2Initially, the project was not conceived as online application for the linguistic analysis of T-PAS resource data. The first idea was to find a way to speed up the revision of the resource: we needed a fast system that could facilitate the manual correction of annotators’ mistakes within the patterns contained in the editor of the resource. As the dimension of the resource is considerable (T-PAS is a repository of 5326 patterns)3, checking all of them manually while going through the correction and refinement phase would have been time-consuming. Annotators’ mistakes are not widespread within the resource as most of the work performed on T-PAS was carried out manually, but isolated errors can occur.
3As a solution, we developed a series of T-PAS-specific scripts running on the updated T-PAS resource database (a JSON-structured file containing all the patterns and the related information), which can extract lists of aggregated data, displayed in columns. By skimming the lists, one can easily notice data errors in the extracted data and therefore correct them by moving to the editor of the resource and editing the patterns which were wrongly annotated.
4As the number of scripts that we developed was consistent, covering several aspects of the resource, we believed that they would have been useful for users and not only for annotators’ revision. We decided to build an online application, which is called T-PAS Scraper, that extends T-PAS accessibility: it can be used by future T-PAS users for quantitative and qualitative studies of its linguistic data4.
5In this paper we describe the application in its components, how it is related to T-PAS resource and some possible uses.
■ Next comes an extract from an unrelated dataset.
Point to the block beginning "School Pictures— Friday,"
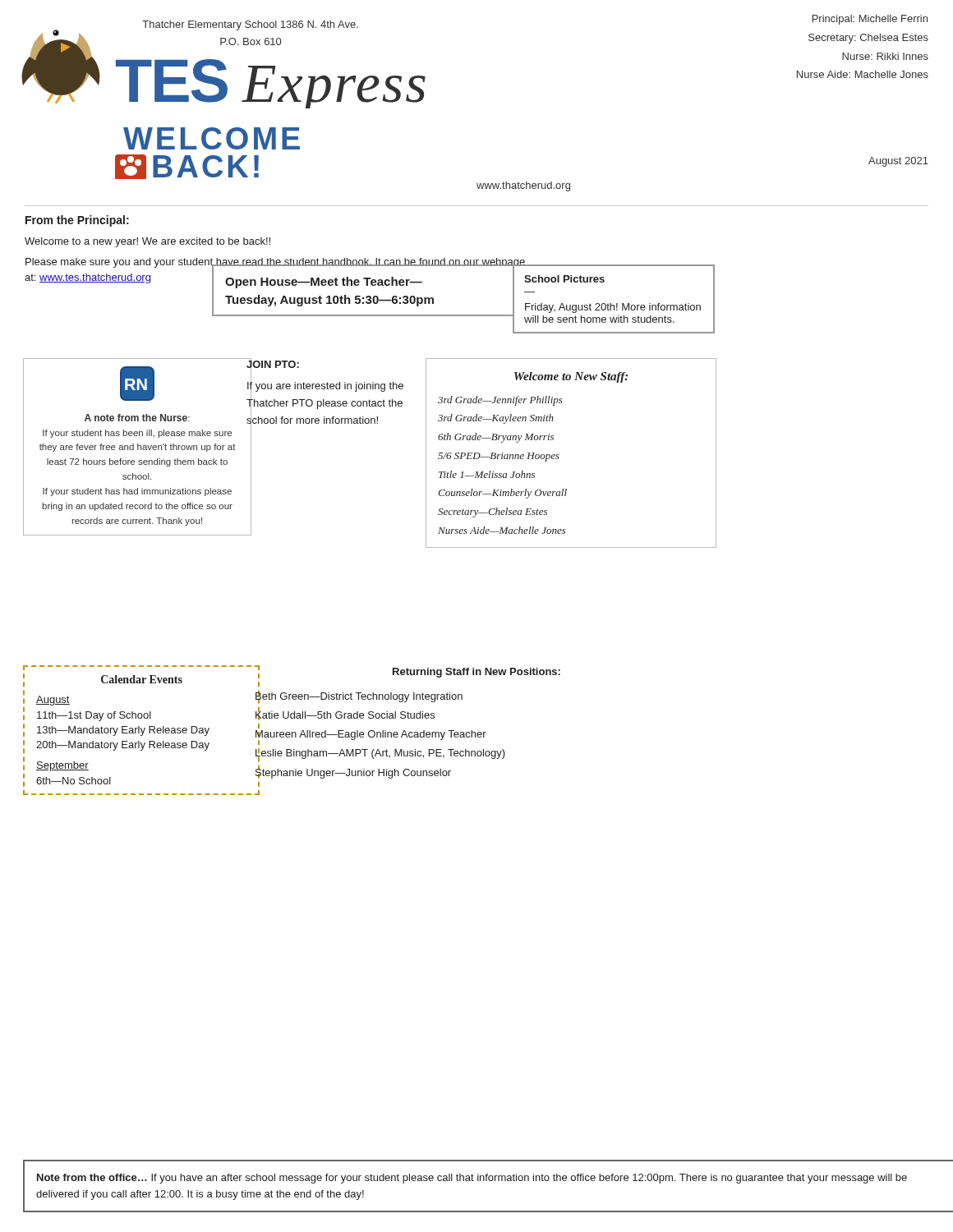The image size is (953, 1232). 614,299
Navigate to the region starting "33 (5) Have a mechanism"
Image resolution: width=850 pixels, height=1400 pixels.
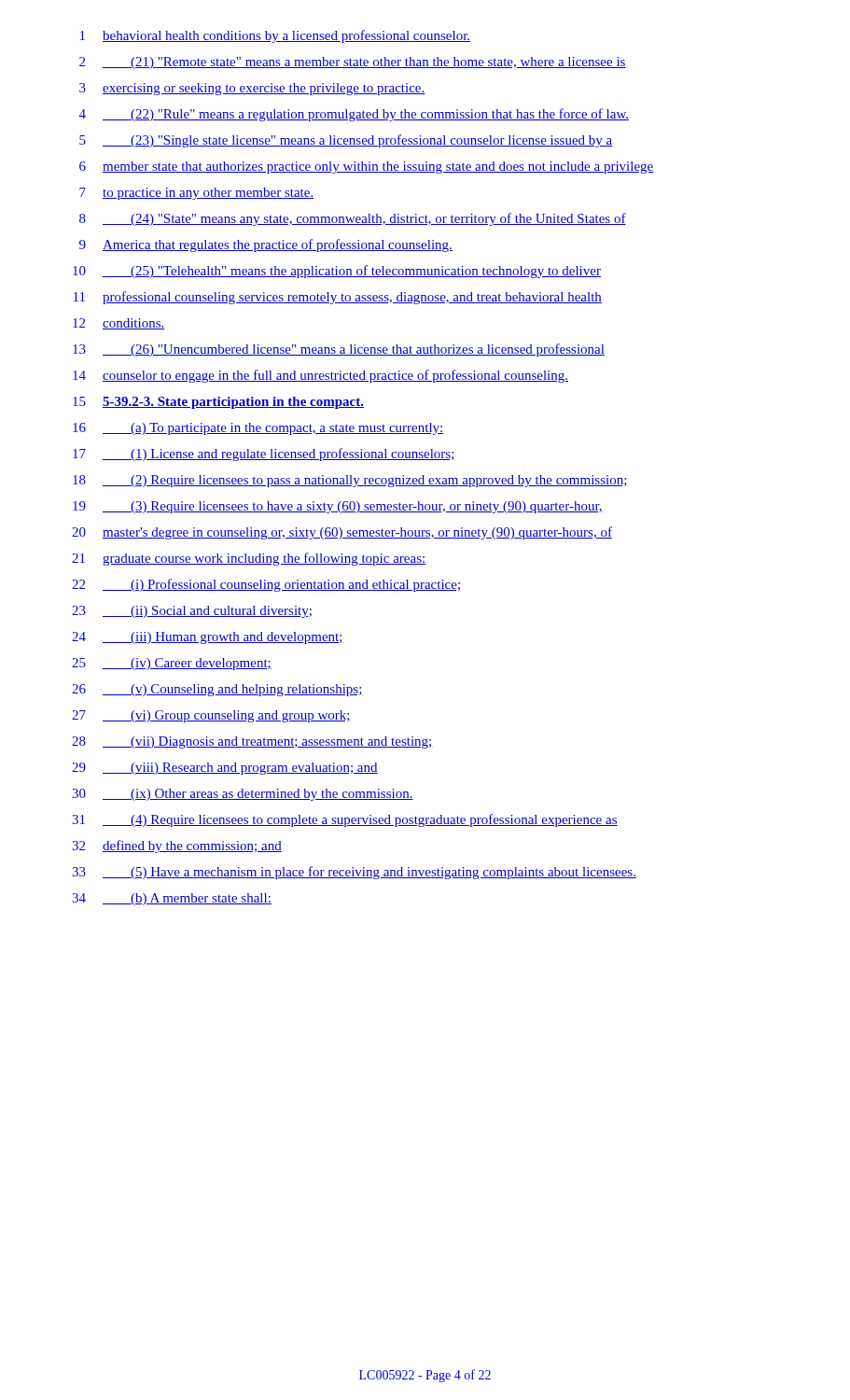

6The paper is structured as follows. In Section 2 we briefly describe the T-PAS resource, its main features and the online interface. In Section 3 we introduce T-PAS Scraper and provide a technical explanation on how it was built; we also present the main functions of T-PAS Scraper, and in which sense they are complementary to T-PAS resource, as well as how it can be used from a user perspective. In Section 4 we discuss some future perspective on the project.
2. T-PAS Resource
7T-PAS (Ježek et al., 2014) is a corpus-derived resource consisting of an inventory of Typed Predicate-Argument Structures (T-PAS) for Italian verbs. It is a gold standard for Italian verb-argument structures. The resource is being developed at the University of Pavia with the technical support of Lexical Computing Ltd. (CZ) and is intended to be used for linguistic analysis, language teaching, and computational applications. The resource consists of four fundamental components:
a repository of corpus-derived predicate argument structures (called patterns) with semantic specification of their argument slots, e.g. [Human] drinks [Beverage];
an inventory of ca. 200 corpus-derived semantic classes (called Semantic Types) organised in a hierarchy (called System of Semantic Types), used for the semantic specification of the arguments;
a corpus of manually annotated sentences that instantiate the different patterns of the verbs in the inventory. Corpus lines are tagged with their respective pattern numbers and anchored to the verb they feature, which is the lexical unit of analysis5;
an editing system called Skema (Baisa et al., 2020), which allows the registration of patterns and all the syntactic and semantic information associated therewith and facilitates the manual annotation of corpus instances (directly linked to the patterns)6.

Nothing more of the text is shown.